- **Task prompt**:
With the material below, print exactly the lines between the line holding "#6 rack frame [816,199,958,587]" and the line holding "name: (x, y, z);", inclusive. Add nothing else.

- **Data for analysis**:
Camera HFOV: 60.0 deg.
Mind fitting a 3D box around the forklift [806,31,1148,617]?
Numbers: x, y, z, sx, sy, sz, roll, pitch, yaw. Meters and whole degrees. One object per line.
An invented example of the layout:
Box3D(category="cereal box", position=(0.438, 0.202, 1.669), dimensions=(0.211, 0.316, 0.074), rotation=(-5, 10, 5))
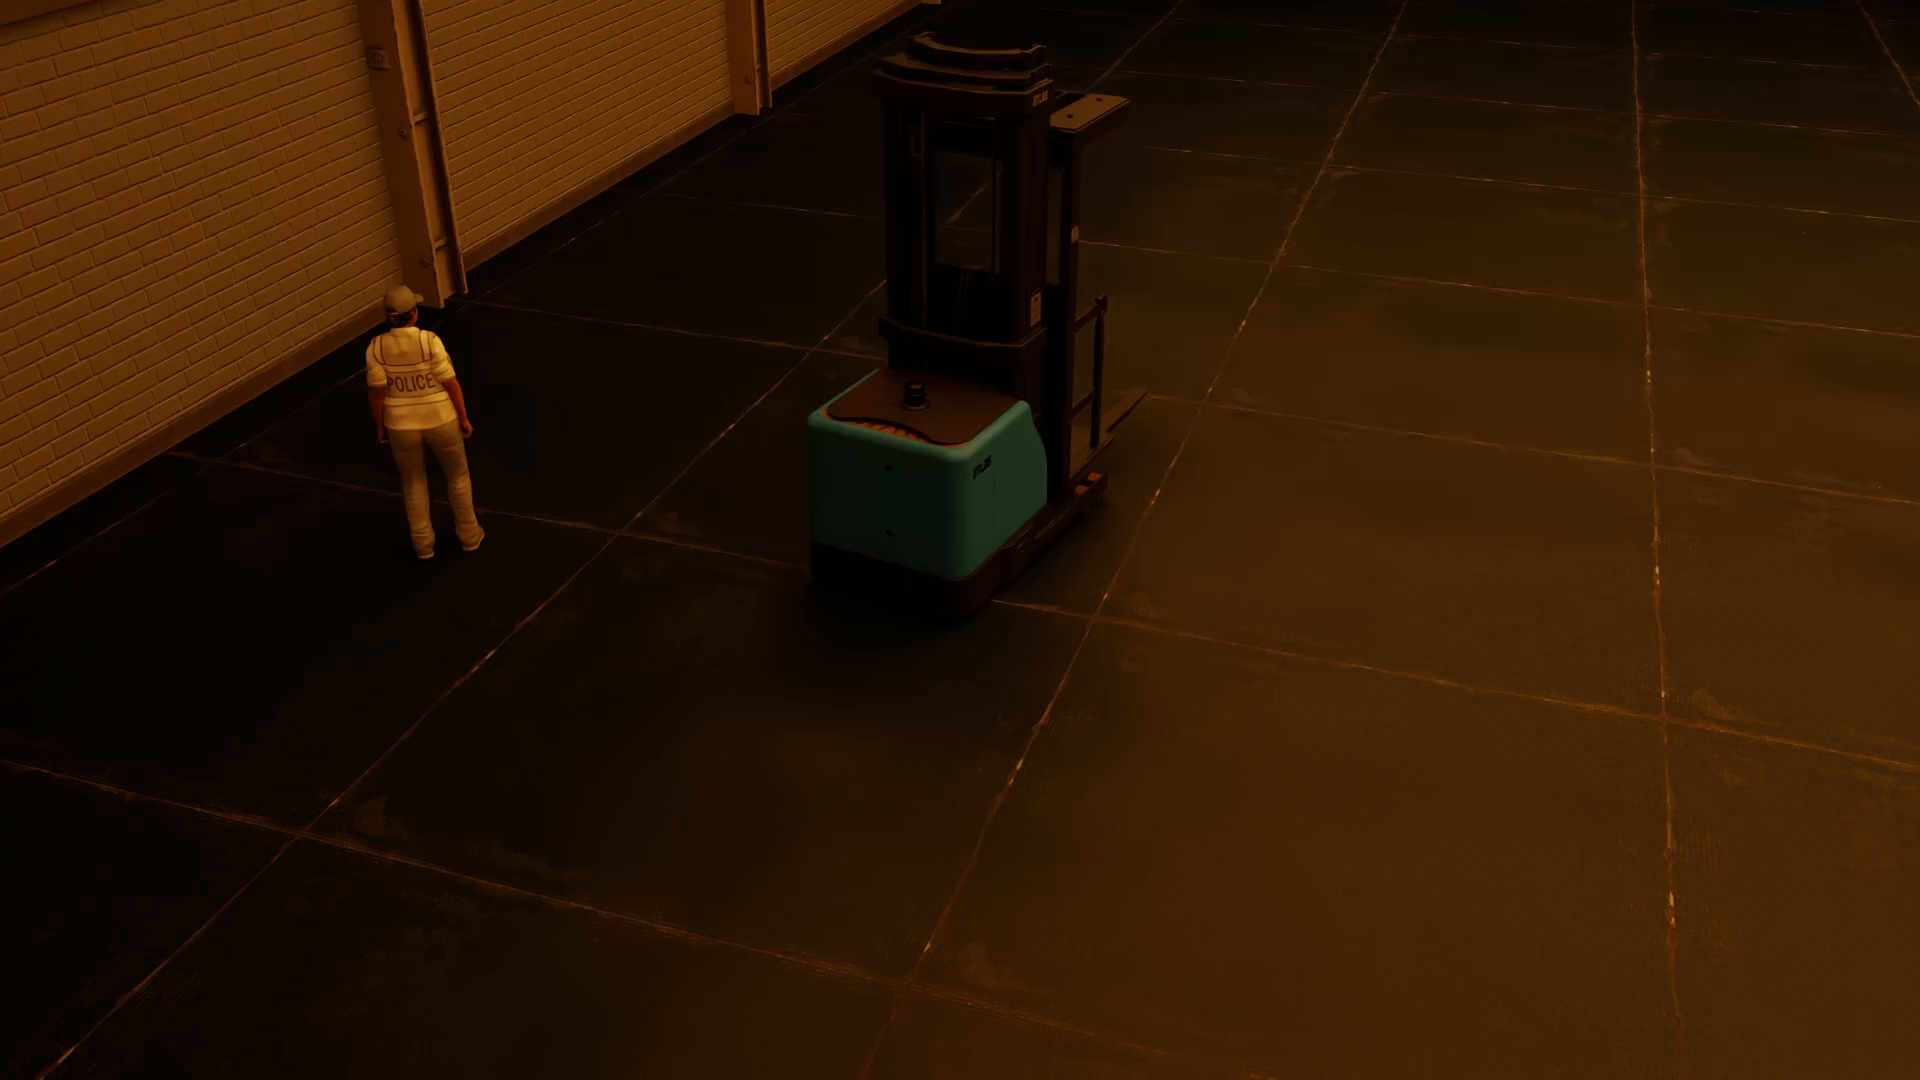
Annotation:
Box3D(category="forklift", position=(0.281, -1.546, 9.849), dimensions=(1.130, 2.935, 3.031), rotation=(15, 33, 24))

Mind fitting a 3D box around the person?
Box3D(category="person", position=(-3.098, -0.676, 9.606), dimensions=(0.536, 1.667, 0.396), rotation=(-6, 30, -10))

...

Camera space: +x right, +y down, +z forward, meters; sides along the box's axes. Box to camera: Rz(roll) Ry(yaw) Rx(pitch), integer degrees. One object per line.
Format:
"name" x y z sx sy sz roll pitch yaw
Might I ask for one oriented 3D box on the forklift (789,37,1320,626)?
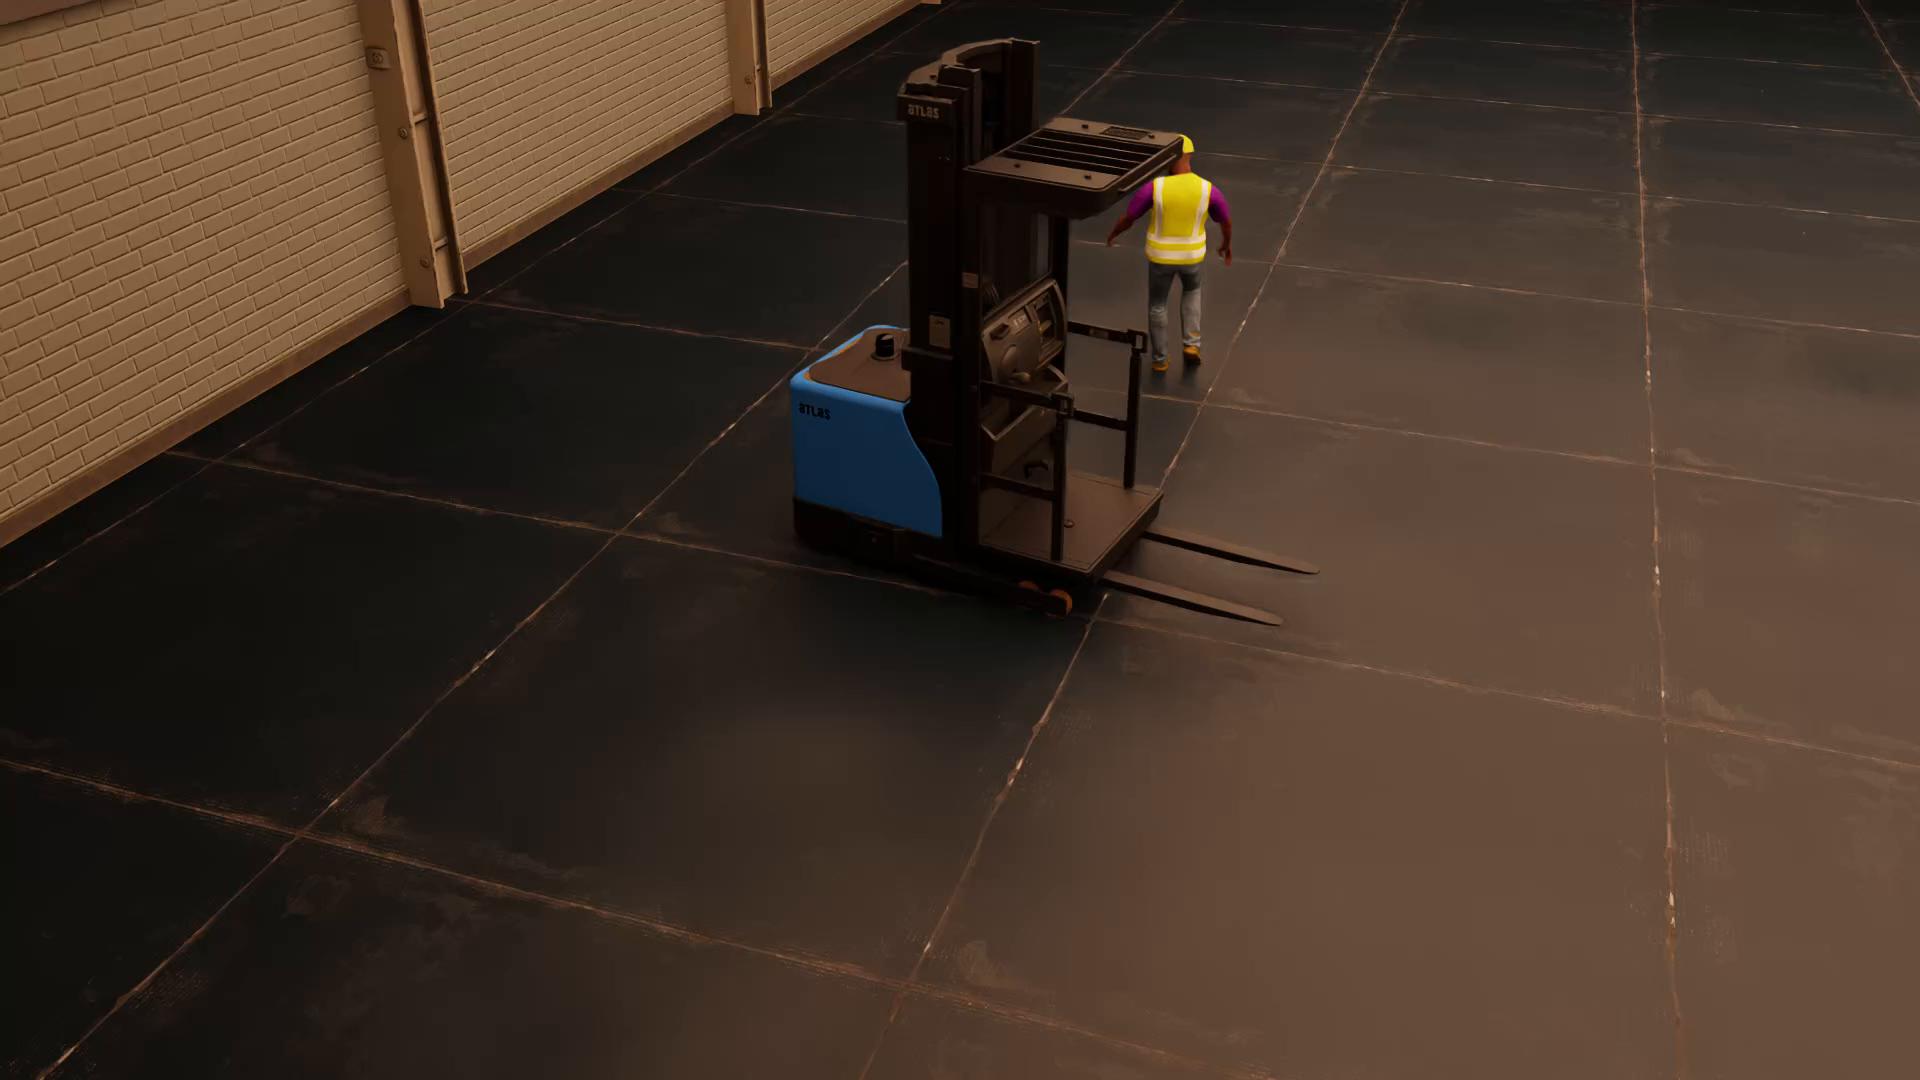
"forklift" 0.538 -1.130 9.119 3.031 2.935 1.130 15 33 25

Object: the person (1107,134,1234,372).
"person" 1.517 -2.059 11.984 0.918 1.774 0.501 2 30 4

---

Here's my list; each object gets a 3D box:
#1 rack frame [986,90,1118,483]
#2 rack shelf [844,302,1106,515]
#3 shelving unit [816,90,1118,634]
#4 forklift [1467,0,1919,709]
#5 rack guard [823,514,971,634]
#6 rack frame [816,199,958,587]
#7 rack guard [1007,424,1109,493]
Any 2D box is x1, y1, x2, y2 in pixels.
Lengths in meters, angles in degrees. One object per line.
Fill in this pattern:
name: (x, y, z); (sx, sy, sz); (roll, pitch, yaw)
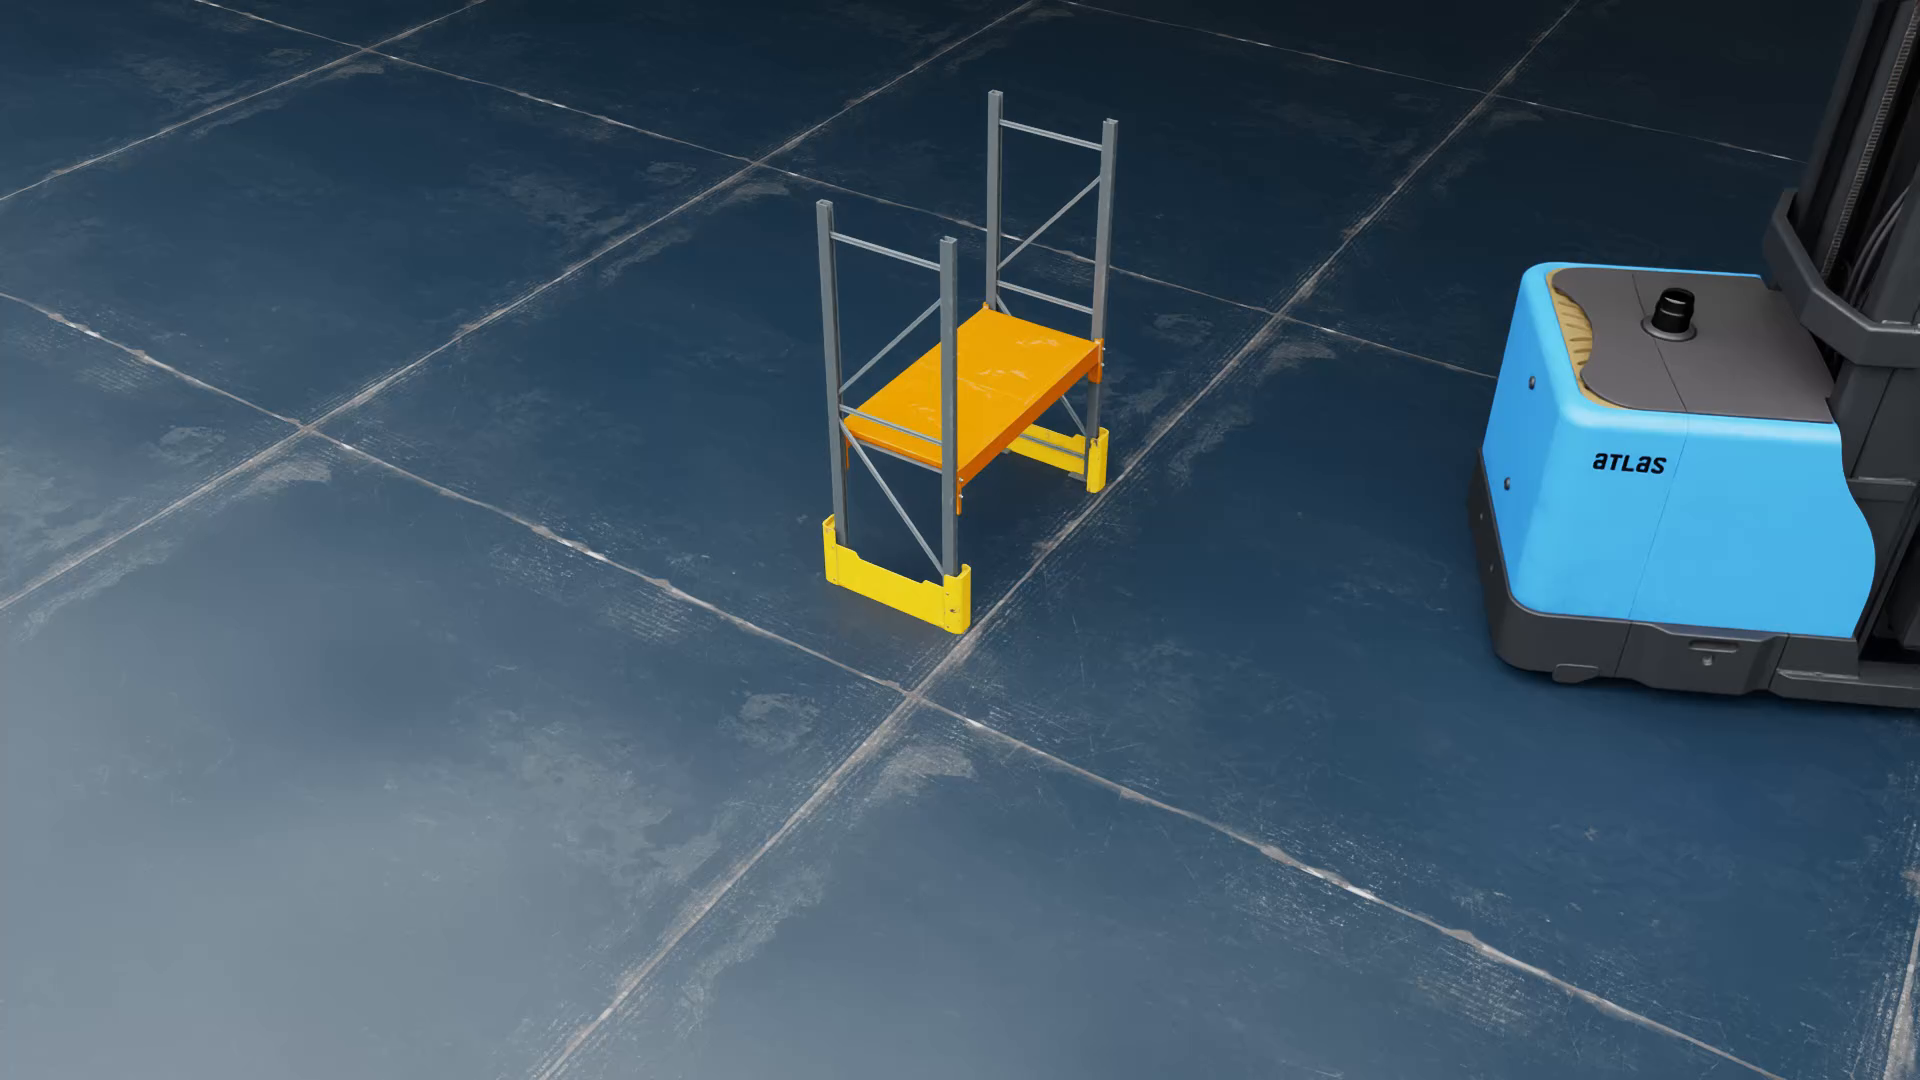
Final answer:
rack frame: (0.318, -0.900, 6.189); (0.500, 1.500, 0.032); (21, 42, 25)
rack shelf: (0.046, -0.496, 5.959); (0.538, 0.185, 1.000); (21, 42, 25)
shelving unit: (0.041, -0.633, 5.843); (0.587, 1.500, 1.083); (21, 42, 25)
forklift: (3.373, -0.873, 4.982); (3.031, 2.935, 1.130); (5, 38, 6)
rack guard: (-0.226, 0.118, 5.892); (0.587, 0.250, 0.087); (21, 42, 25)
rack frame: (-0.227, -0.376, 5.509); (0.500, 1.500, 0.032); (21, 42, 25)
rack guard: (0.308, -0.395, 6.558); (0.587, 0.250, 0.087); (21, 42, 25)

- **Your response**:
#6 rack frame [816,199,958,587]
#7 rack guard [1007,424,1109,493]
Any 2D box is x1, y1, x2, y2 in pixels.
Lengths in meters, angles in degrees. One object per line.
Fill in this pattern:
name: (x, y, z); (sx, sy, sz); (roll, pitch, yaw)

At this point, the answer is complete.